(Material for this exercise begins)

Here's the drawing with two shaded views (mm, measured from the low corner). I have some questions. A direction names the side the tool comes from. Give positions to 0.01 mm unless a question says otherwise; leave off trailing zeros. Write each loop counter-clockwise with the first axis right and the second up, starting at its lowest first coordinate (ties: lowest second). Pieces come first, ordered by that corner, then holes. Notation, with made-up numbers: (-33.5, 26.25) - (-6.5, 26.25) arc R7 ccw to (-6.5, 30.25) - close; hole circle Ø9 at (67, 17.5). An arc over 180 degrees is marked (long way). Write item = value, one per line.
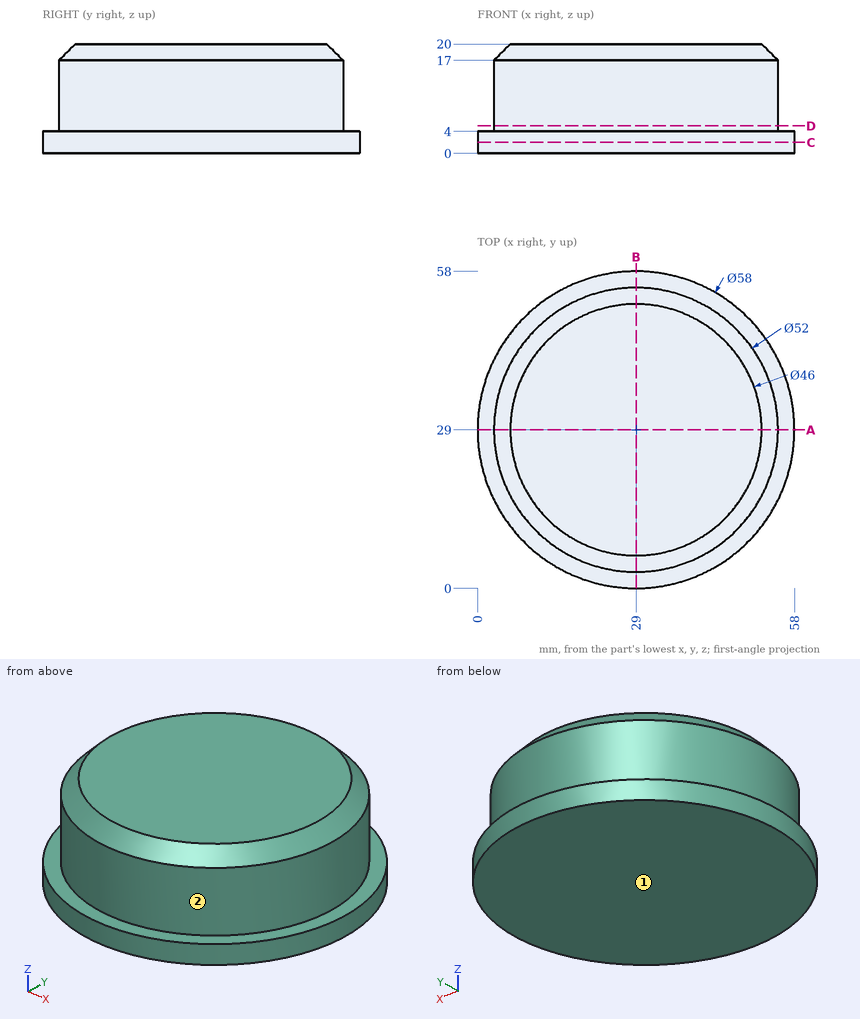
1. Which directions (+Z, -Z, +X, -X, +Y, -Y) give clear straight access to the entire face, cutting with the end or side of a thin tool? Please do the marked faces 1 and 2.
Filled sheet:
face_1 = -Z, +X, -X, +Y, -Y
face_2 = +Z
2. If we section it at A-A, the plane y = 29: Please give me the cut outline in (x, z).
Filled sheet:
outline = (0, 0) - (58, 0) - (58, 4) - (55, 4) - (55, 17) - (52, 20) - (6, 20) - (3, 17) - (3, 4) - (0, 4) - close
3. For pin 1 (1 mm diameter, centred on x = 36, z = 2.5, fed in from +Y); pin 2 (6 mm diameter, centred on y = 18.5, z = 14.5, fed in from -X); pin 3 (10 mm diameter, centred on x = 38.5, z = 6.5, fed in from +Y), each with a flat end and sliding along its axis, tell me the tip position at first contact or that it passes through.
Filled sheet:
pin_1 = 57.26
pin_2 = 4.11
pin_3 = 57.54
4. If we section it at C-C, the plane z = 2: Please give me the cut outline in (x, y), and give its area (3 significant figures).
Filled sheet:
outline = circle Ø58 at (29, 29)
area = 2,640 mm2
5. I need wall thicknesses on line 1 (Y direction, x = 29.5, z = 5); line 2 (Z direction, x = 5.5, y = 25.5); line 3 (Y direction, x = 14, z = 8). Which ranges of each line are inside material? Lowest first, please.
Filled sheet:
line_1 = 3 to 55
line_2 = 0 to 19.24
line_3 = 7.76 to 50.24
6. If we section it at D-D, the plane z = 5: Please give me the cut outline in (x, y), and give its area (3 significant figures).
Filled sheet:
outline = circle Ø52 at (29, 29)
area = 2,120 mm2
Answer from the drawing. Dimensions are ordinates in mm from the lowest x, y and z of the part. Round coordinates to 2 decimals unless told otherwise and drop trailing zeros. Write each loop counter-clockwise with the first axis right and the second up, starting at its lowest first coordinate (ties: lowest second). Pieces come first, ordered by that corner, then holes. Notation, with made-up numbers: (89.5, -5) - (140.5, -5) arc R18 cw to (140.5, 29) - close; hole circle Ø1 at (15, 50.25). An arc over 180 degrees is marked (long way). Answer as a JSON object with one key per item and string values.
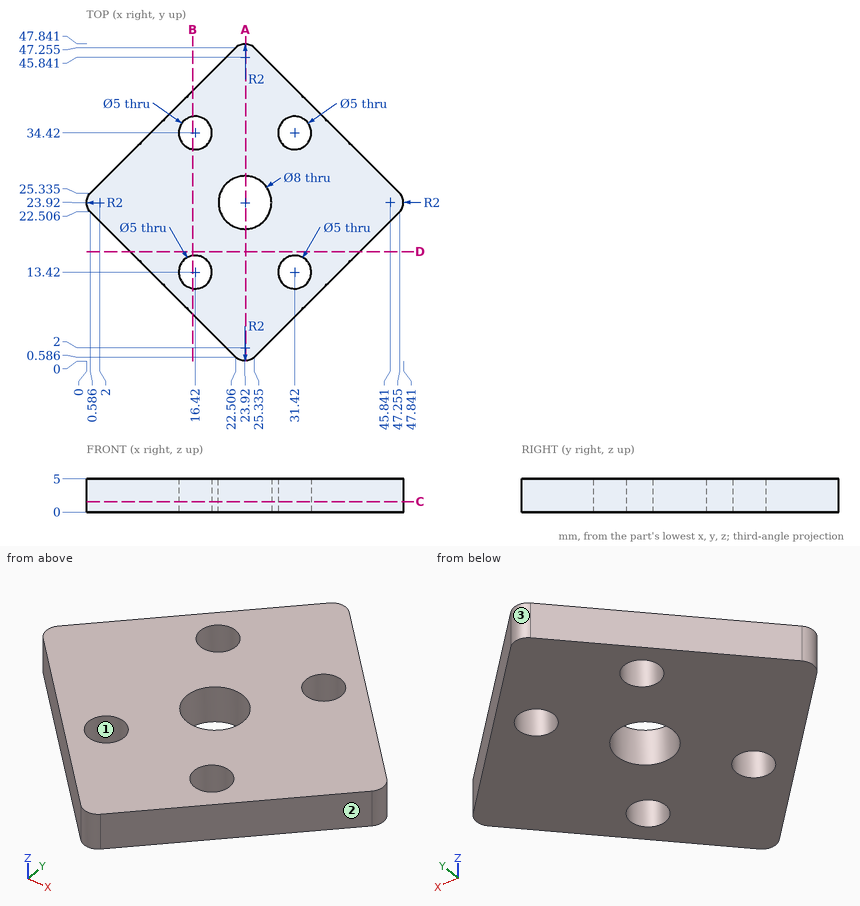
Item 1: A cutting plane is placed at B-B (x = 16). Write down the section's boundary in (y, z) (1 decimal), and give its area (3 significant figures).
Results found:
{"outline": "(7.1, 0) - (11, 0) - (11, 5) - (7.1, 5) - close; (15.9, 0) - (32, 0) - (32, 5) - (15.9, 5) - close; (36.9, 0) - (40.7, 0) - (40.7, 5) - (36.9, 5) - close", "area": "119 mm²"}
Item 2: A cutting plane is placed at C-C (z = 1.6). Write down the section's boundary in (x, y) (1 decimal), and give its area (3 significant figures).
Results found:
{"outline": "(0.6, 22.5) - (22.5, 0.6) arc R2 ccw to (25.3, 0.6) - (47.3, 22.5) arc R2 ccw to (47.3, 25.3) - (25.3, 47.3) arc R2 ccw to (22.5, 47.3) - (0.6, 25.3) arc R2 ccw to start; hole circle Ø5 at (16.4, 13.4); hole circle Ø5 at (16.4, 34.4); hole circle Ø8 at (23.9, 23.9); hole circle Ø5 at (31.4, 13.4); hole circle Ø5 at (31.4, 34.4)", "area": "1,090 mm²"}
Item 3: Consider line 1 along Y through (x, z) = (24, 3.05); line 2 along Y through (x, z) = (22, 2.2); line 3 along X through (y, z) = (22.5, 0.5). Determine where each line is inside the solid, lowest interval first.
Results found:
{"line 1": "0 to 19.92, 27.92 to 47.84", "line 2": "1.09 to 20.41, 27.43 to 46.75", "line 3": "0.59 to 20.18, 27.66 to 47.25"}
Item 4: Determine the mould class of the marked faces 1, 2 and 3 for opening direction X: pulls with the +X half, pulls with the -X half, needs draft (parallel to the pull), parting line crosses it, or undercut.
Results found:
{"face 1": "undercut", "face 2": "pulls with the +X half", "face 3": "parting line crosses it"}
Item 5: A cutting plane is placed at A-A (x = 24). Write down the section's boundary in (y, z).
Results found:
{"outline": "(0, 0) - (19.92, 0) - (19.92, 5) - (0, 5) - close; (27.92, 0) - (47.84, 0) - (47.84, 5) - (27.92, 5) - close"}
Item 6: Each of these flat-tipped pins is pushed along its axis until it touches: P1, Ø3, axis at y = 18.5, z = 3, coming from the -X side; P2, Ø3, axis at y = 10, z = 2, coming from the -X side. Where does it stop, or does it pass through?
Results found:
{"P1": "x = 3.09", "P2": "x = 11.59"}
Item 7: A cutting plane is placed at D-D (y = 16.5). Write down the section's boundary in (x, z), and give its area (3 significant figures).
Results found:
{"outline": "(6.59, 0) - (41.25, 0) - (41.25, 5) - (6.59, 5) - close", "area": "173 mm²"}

(Material for this exercise ends)

Problem description: Would you mind repeating the records above exactly, without the pictures?

Exercise answer:
Here's the drawing with two shaded views (mm, measured from the low corner). I have some questions. A direction names the side the tool comes from. Give positions to 0.01 mm unless a question says otherwise; leave off trailing zeros. Write each loop counter-clockwise with the first axis right and the second up, starting at its lowest first coordinate (ties: lowest second). Pieces come first, ordered by that corner, then holes. Notation, with made-up numbers: (-33.5, 26.25) - (-6.5, 26.25) arc R7 ccw to (-6.5, 30.25) - close; hole circle Ø9 at (67, 17.5). An arc over 180 degrees is marked (long way). Write item = value, one per line.
1. Which directions (+Z, -Z, +X, -X, +Y, -Y) give clear straight access to the entire face, cutting with the end or side of a thin tool? Please do the marked faces 1 and 2.
Filled sheet:
face_1 = -Z, +X, -X, +Y, -Y
face_2 = +Z
2. If we section it at A-A, the plane y = 29: Please give me the cut outline in (x, z).
Filled sheet:
outline = (0, 0) - (58, 0) - (58, 4) - (55, 4) - (55, 17) - (52, 20) - (6, 20) - (3, 17) - (3, 4) - (0, 4) - close
3. For pin 1 (1 mm diameter, centred on x = 36, z = 2.5, fed in from +Y); pin 2 (6 mm diameter, centred on y = 18.5, z = 14.5, fed in from -X); pin 3 (10 mm diameter, centred on x = 38.5, z = 6.5, fed in from +Y), each with a flat end and sliding along its axis, tell me the tip position at first contact or that it passes through.
Filled sheet:
pin_1 = 57.26
pin_2 = 4.11
pin_3 = 57.54
4. If we section it at C-C, the plane z = 2: Please give me the cut outline in (x, y), and give its area (3 significant figures).
Filled sheet:
outline = circle Ø58 at (29, 29)
area = 2,640 mm2
5. I need wall thicknesses on line 1 (Y direction, x = 29.5, z = 5); line 2 (Z direction, x = 5.5, y = 25.5); line 3 (Y direction, x = 14, z = 8). Which ranges of each line are inside material? Lowest first, please.
Filled sheet:
line_1 = 3 to 55
line_2 = 0 to 19.24
line_3 = 7.76 to 50.24
6. If we section it at D-D, the plane z = 5: Please give me the cut outline in (x, y), and give its area (3 significant figures).
Filled sheet:
outline = circle Ø52 at (29, 29)
area = 2,120 mm2
Answer from the drawing. Dimensions are ordinates in mm from the lowest x, y and z of the part. Round coordinates to 2 decimals unless told otherwise and drop trailing zeros. Write each loop counter-clockwise with the first axis right and the second up, starting at its lowest first coordinate (ties: lowest second). Pieces come first, ordered by that corner, then holes. Notation, with made-up numbers: (89.5, -5) - (140.5, -5) arc R18 cw to (140.5, 29) - close; hole circle Ø1 at (15, 50.25). An arc over 180 degrees is marked (long way). Answer as a JSON object with one key per item and string values.
Item 1: A cutting plane is placed at B-B (x = 16). Write down the section's boundary in (y, z) (1 decimal), and give its area (3 significant figures).
Results found:
{"outline": "(7.1, 0) - (11, 0) - (11, 5) - (7.1, 5) - close; (15.9, 0) - (32, 0) - (32, 5) - (15.9, 5) - close; (36.9, 0) - (40.7, 0) - (40.7, 5) - (36.9, 5) - close", "area": "119 mm²"}
Item 2: A cutting plane is placed at C-C (z = 1.6). Write down the section's boundary in (x, y) (1 decimal), and give its area (3 significant figures).
Results found:
{"outline": "(0.6, 22.5) - (22.5, 0.6) arc R2 ccw to (25.3, 0.6) - (47.3, 22.5) arc R2 ccw to (47.3, 25.3) - (25.3, 47.3) arc R2 ccw to (22.5, 47.3) - (0.6, 25.3) arc R2 ccw to start; hole circle Ø5 at (16.4, 13.4); hole circle Ø5 at (16.4, 34.4); hole circle Ø8 at (23.9, 23.9); hole circle Ø5 at (31.4, 13.4); hole circle Ø5 at (31.4, 34.4)", "area": "1,090 mm²"}
Item 3: Consider line 1 along Y through (x, z) = (24, 3.05); line 2 along Y through (x, z) = (22, 2.2); line 3 along X through (y, z) = (22.5, 0.5). Determine where each line is inside the solid, lowest interval first.
Results found:
{"line 1": "0 to 19.92, 27.92 to 47.84", "line 2": "1.09 to 20.41, 27.43 to 46.75", "line 3": "0.59 to 20.18, 27.66 to 47.25"}
Item 4: Determine the mould class of the marked faces 1, 2 and 3 for opening direction X: pulls with the +X half, pulls with the -X half, needs draft (parallel to the pull), parting line crosses it, or undercut.
Results found:
{"face 1": "undercut", "face 2": "pulls with the +X half", "face 3": "parting line crosses it"}
Item 5: A cutting plane is placed at A-A (x = 24). Write down the section's boundary in (y, z).
Results found:
{"outline": "(0, 0) - (19.92, 0) - (19.92, 5) - (0, 5) - close; (27.92, 0) - (47.84, 0) - (47.84, 5) - (27.92, 5) - close"}
Item 6: Each of these flat-tipped pins is pushed along its axis until it touches: P1, Ø3, axis at y = 18.5, z = 3, coming from the -X side; P2, Ø3, axis at y = 10, z = 2, coming from the -X side. Where does it stop, or does it pass through?
Results found:
{"P1": "x = 3.09", "P2": "x = 11.59"}
Item 7: A cutting plane is placed at D-D (y = 16.5). Write down the section's boundary in (x, z), and give its area (3 significant figures).
Results found:
{"outline": "(6.59, 0) - (41.25, 0) - (41.25, 5) - (6.59, 5) - close", "area": "173 mm²"}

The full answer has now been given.